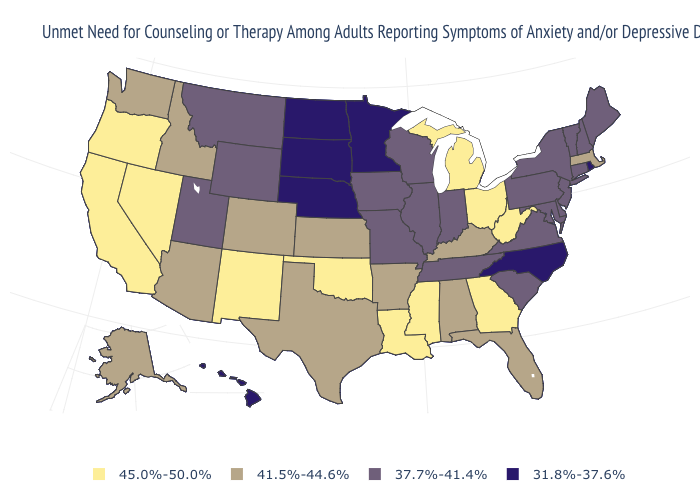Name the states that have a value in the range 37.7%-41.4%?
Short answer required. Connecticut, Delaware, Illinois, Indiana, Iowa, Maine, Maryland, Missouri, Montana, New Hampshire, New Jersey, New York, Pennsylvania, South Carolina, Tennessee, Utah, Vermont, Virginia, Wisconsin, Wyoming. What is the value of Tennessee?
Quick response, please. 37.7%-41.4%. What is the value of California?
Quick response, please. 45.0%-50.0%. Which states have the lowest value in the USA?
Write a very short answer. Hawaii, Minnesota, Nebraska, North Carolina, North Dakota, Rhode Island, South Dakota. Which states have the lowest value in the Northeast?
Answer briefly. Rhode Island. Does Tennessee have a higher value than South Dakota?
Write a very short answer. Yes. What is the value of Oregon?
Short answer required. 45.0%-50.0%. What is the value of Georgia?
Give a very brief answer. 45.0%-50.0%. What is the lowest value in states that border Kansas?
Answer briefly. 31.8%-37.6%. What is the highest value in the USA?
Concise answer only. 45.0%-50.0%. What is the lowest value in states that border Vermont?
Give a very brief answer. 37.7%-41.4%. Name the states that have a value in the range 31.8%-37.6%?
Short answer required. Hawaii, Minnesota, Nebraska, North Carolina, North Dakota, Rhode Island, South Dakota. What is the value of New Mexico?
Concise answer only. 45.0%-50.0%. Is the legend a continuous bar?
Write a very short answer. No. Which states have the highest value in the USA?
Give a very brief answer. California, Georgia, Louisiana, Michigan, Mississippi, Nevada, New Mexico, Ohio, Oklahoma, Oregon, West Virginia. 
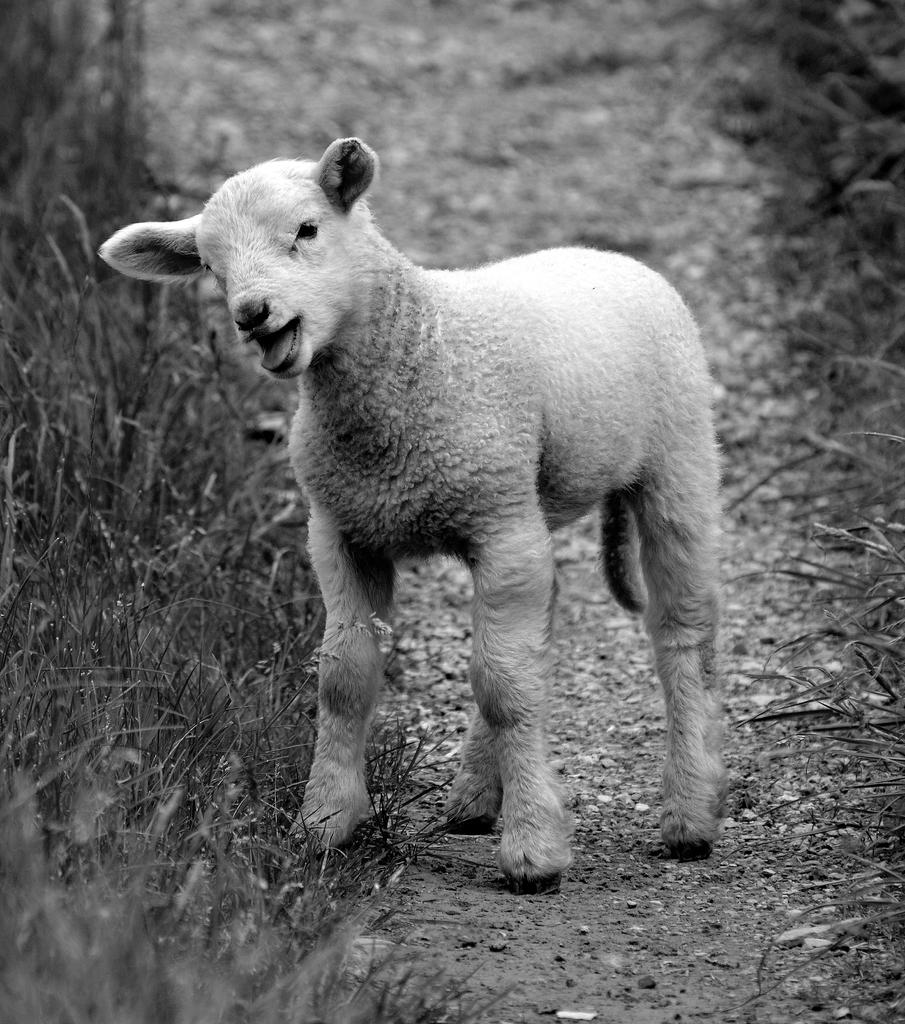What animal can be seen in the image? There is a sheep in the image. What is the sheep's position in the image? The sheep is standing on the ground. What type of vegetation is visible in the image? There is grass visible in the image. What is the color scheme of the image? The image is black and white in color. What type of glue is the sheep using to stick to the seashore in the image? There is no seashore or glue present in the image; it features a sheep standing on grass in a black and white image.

» About this exercise
With the images left out, set down each record exactly as it appears.

» Task response
Name the states that have a value in the range 37.7%-41.4%?
Short answer required. Connecticut, Delaware, Illinois, Indiana, Iowa, Maine, Maryland, Missouri, Montana, New Hampshire, New Jersey, New York, Pennsylvania, South Carolina, Tennessee, Utah, Vermont, Virginia, Wisconsin, Wyoming. What is the value of Tennessee?
Quick response, please. 37.7%-41.4%. What is the value of California?
Quick response, please. 45.0%-50.0%. Which states have the lowest value in the USA?
Write a very short answer. Hawaii, Minnesota, Nebraska, North Carolina, North Dakota, Rhode Island, South Dakota. Which states have the lowest value in the Northeast?
Answer briefly. Rhode Island. Does Tennessee have a higher value than South Dakota?
Write a very short answer. Yes. What is the value of Oregon?
Short answer required. 45.0%-50.0%. What is the value of Georgia?
Give a very brief answer. 45.0%-50.0%. What is the lowest value in states that border Kansas?
Answer briefly. 31.8%-37.6%. What is the highest value in the USA?
Concise answer only. 45.0%-50.0%. What is the lowest value in states that border Vermont?
Give a very brief answer. 37.7%-41.4%. Name the states that have a value in the range 31.8%-37.6%?
Short answer required. Hawaii, Minnesota, Nebraska, North Carolina, North Dakota, Rhode Island, South Dakota. What is the value of New Mexico?
Concise answer only. 45.0%-50.0%. Is the legend a continuous bar?
Write a very short answer. No. Which states have the highest value in the USA?
Give a very brief answer. California, Georgia, Louisiana, Michigan, Mississippi, Nevada, New Mexico, Ohio, Oklahoma, Oregon, West Virginia. 
What animal can be seen in the image? There is a sheep in the image. What is the sheep's position in the image? The sheep is standing on the ground. What type of vegetation is visible in the image? There is grass visible in the image. What is the color scheme of the image? The image is black and white in color. What type of glue is the sheep using to stick to the seashore in the image? There is no seashore or glue present in the image; it features a sheep standing on grass in a black and white image.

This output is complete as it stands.